09-09-2017, 10:17 AM
The ultra-wide band (also known as UWB or as digital wireless pulse) is a wireless technology for the transmission of large amounts of digital data over a wide spectrum of frequency bands with very little power for a short distance. Broadband radio can not only carry a large amount of data over a distance of up to 230 feet at very low power (less than 0.5 milliwatts), but also has the ability to carry signals through gates and other obstacles that tend to reflect signals to more limited bandwidths and higher power. The ultra-wideband can be compared to other Bluetooth wireless short-range technology, which is a standard for connecting handheld wireless devices with other similar devices and desktop computers.
The ultra wide band emits digital pulses that are timed very precisely in a carrier signal across a very wide spectrum (number of frequency channels) at the same time. The transmitter and receiver must be coordinated to send and receive pulses with an accuracy of billions of seconds. In any given frequency band that may already be in use, the ultra-wideband signal has less power than normal and anticipated background noise, so theoretically no interference is possible. Time Domain, a company that applies to use the technology, uses an IBM-made microchip to transmit 1.25 million bits per second, but says there is the potential for a data rate of billions of bits per second.
Application
Ultra broadband has two main types of application:
1) Radar applications, where the signal penetrates nearby surfaces but reflects more distant surfaces, allowing objects to be detected behind walls or other claddings.
2) Voice and data transmission using digital pulses, allowing a signal of very low power and relatively low cost to transport information at very high rates within a restricted range.
In the United States, the Federal Communications Commission approved the commercial use of the ultra - wide band on February 14, 2002.

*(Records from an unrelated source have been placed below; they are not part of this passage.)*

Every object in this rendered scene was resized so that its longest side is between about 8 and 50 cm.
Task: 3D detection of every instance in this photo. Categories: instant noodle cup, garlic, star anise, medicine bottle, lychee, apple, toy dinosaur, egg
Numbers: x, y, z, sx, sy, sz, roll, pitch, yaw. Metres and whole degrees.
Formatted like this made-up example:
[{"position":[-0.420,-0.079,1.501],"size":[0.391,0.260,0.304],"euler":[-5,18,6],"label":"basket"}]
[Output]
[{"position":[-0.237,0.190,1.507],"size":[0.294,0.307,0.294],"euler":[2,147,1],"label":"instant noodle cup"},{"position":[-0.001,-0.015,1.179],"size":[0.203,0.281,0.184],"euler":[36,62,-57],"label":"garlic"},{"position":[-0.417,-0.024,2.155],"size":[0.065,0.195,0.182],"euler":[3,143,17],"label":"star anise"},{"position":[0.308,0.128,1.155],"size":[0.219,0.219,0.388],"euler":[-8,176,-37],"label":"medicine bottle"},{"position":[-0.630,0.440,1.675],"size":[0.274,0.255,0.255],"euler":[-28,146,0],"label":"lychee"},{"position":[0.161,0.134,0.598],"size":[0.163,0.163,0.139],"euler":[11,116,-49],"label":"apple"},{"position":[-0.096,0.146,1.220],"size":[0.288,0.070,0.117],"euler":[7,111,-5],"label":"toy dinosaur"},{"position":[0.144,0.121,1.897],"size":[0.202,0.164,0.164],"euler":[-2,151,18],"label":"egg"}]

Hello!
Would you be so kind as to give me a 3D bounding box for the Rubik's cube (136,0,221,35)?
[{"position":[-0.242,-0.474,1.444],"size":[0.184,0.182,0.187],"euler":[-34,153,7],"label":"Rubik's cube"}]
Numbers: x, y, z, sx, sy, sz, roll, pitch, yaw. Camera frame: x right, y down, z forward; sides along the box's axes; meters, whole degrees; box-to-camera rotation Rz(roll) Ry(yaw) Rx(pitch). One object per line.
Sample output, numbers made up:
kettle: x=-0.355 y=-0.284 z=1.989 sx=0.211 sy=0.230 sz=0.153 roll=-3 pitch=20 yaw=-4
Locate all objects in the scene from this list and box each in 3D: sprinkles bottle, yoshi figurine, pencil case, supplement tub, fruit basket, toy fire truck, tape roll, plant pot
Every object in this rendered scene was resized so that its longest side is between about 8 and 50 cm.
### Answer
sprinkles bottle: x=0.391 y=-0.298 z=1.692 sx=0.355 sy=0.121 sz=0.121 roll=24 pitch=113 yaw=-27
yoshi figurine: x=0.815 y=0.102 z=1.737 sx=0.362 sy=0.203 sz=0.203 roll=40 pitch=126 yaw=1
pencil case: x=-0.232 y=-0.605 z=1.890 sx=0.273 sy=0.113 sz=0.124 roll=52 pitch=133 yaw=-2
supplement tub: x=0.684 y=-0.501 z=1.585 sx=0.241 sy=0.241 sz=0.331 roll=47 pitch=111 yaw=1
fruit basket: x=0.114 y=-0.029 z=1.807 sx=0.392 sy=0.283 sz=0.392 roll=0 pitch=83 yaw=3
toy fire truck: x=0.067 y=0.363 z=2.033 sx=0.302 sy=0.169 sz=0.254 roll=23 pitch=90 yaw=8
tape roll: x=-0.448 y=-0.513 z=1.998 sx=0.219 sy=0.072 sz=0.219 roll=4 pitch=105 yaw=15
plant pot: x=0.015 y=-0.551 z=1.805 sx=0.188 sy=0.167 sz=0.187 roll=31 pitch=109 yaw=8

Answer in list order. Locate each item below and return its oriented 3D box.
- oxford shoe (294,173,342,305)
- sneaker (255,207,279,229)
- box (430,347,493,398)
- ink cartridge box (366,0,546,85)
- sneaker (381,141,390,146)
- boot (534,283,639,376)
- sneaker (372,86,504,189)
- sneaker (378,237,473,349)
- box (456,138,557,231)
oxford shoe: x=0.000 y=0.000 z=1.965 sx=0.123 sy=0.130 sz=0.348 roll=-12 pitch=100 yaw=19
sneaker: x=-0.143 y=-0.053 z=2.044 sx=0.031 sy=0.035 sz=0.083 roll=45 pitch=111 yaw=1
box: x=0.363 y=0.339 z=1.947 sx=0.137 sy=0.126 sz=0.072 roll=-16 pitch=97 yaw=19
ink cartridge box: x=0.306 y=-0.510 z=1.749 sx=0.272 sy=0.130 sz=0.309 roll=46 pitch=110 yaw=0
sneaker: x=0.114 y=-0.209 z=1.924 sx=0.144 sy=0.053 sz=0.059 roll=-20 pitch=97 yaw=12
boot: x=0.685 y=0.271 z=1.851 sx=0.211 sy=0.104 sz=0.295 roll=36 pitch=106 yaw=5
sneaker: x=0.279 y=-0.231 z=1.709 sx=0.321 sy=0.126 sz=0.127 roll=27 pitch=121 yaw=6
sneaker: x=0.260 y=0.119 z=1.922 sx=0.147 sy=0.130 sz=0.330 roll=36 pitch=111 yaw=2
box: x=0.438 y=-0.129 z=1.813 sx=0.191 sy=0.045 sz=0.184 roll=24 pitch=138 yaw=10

The ultra wide band emits digital pulses that are timed very precisely in a carrier signal across a very wide spectrum (number of frequency channels) at the same time. The transmitter and receiver must be coordinated to send and receive pulses with an accuracy of billions of seconds. In any given frequency band that may already be in use, the ultra-wideband signal has less power than normal and anticipated background noise, so theoretically no interference is possible. Time Domain, a company that applies to use the technology, uses an IBM-made microchip to transmit 1.25 million bits per second, but says there is the potential for a data rate of billions of bits per second.
Application
Ultra broadband has two main types of application:
1) Radar applications, where the signal penetrates nearby surfaces but reflects more distant surfaces, allowing objects to be detected behind walls or other claddings.
2) Voice and data transmission using digital pulses, allowing a signal of very low power and relatively low cost to transport information at very high rates within a restricted range.
In the United States, the Federal Communications Commission approved the commercial use of the ultra - wide band on February 14, 2002.